• Problem to work on
Repeat each entry exactly, but do not carry over the pictures.

------ Supplied data

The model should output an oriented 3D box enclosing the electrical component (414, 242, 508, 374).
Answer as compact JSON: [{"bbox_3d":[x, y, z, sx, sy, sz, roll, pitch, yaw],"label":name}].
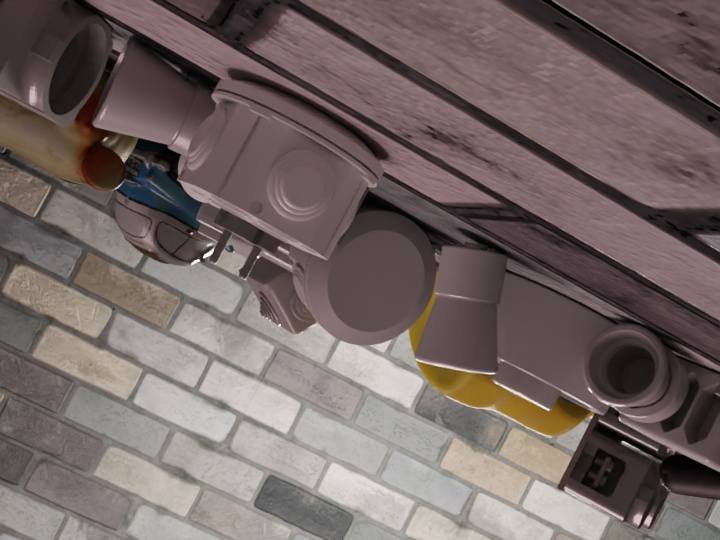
[{"bbox_3d":[0.055,0.018,0.564,0.044,0.065,0.044,10,179,0],"label":"electrical component"}]

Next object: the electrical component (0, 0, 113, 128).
[{"bbox_3d":[-0.152,-0.103,0.489,0.056,0.050,0.089,27,177,6],"label":"electrical component"}]

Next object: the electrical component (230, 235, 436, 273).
[{"bbox_3d":[-0.022,-0.019,0.716,0.109,0.056,0.109,29,177,-19],"label":"electrical component"}]

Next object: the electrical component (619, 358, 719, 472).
[{"bbox_3d":[0.203,0.088,0.620,0.077,0.047,0.066,30,176,-38],"label":"electrical component"}]

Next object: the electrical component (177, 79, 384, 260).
[{"bbox_3d":[-0.034,-0.043,0.460,0.080,0.051,0.080,28,177,2],"label":"electrical component"}]

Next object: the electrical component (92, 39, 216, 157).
[{"bbox_3d":[-0.086,-0.074,0.504,0.065,0.044,0.044,24,179,-19],"label":"electrical component"}]

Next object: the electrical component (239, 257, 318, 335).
[{"bbox_3d":[-0.036,0.004,0.826,0.048,0.100,0.100,63,166,-15],"label":"electrical component"}]

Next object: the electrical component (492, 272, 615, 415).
[{"bbox_3d":[0.112,0.050,0.655,0.108,0.060,0.108,28,177,1],"label":"electrical component"}]

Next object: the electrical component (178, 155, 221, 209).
[{"bbox_3d":[-0.084,-0.061,0.671,0.045,0.045,0.055,29,176,-30],"label":"electrical component"}]

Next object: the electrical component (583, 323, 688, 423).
[{"bbox_3d":[0.150,0.057,0.582,0.045,0.045,0.055,26,177,35],"label":"electrical component"}]

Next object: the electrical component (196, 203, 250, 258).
[{"bbox_3d":[-0.094,-0.044,0.886,0.062,0.061,0.096,28,177,3],"label":"electrical component"}]

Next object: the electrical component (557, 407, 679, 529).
[{"bbox_3d":[0.222,0.144,0.855,0.060,0.105,0.186,26,177,23],"label":"electrical component"}]

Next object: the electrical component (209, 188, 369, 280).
[{"bbox_3d":[-0.053,-0.033,0.570,0.083,0.075,0.047,29,177,-26],"label":"electrical component"}]

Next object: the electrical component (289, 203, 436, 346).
[{"bbox_3d":[0.000,0.000,0.633,0.080,0.080,0.051,29,-177,-27],"label":"electrical component"}]

------------

• Written answer
The model should output an oriented 3D box enclosing the electrical component (414, 242, 508, 374).
Answer as compact JSON: [{"bbox_3d":[x, y, z, sx, sy, sz, roll, pitch, yaw],"label":name}].
[{"bbox_3d":[0.055,0.018,0.564,0.044,0.065,0.044,10,179,0],"label":"electrical component"}]

Next object: the electrical component (0, 0, 113, 128).
[{"bbox_3d":[-0.152,-0.103,0.489,0.056,0.050,0.089,27,177,6],"label":"electrical component"}]

Next object: the electrical component (230, 235, 436, 273).
[{"bbox_3d":[-0.022,-0.019,0.716,0.109,0.056,0.109,29,177,-19],"label":"electrical component"}]

Next object: the electrical component (619, 358, 719, 472).
[{"bbox_3d":[0.203,0.088,0.620,0.077,0.047,0.066,30,176,-38],"label":"electrical component"}]

Next object: the electrical component (177, 79, 384, 260).
[{"bbox_3d":[-0.034,-0.043,0.460,0.080,0.051,0.080,28,177,2],"label":"electrical component"}]

Next object: the electrical component (92, 39, 216, 157).
[{"bbox_3d":[-0.086,-0.074,0.504,0.065,0.044,0.044,24,179,-19],"label":"electrical component"}]

Next object: the electrical component (239, 257, 318, 335).
[{"bbox_3d":[-0.036,0.004,0.826,0.048,0.100,0.100,63,166,-15],"label":"electrical component"}]

Next object: the electrical component (492, 272, 615, 415).
[{"bbox_3d":[0.112,0.050,0.655,0.108,0.060,0.108,28,177,1],"label":"electrical component"}]

Next object: the electrical component (178, 155, 221, 209).
[{"bbox_3d":[-0.084,-0.061,0.671,0.045,0.045,0.055,29,176,-30],"label":"electrical component"}]

Next object: the electrical component (583, 323, 688, 423).
[{"bbox_3d":[0.150,0.057,0.582,0.045,0.045,0.055,26,177,35],"label":"electrical component"}]

Next object: the electrical component (196, 203, 250, 258).
[{"bbox_3d":[-0.094,-0.044,0.886,0.062,0.061,0.096,28,177,3],"label":"electrical component"}]

Next object: the electrical component (557, 407, 679, 529).
[{"bbox_3d":[0.222,0.144,0.855,0.060,0.105,0.186,26,177,23],"label":"electrical component"}]

Next object: the electrical component (209, 188, 369, 280).
[{"bbox_3d":[-0.053,-0.033,0.570,0.083,0.075,0.047,29,177,-26],"label":"electrical component"}]

Next object: the electrical component (289, 203, 436, 346).
[{"bbox_3d":[0.000,0.000,0.633,0.080,0.080,0.051,29,-177,-27],"label":"electrical component"}]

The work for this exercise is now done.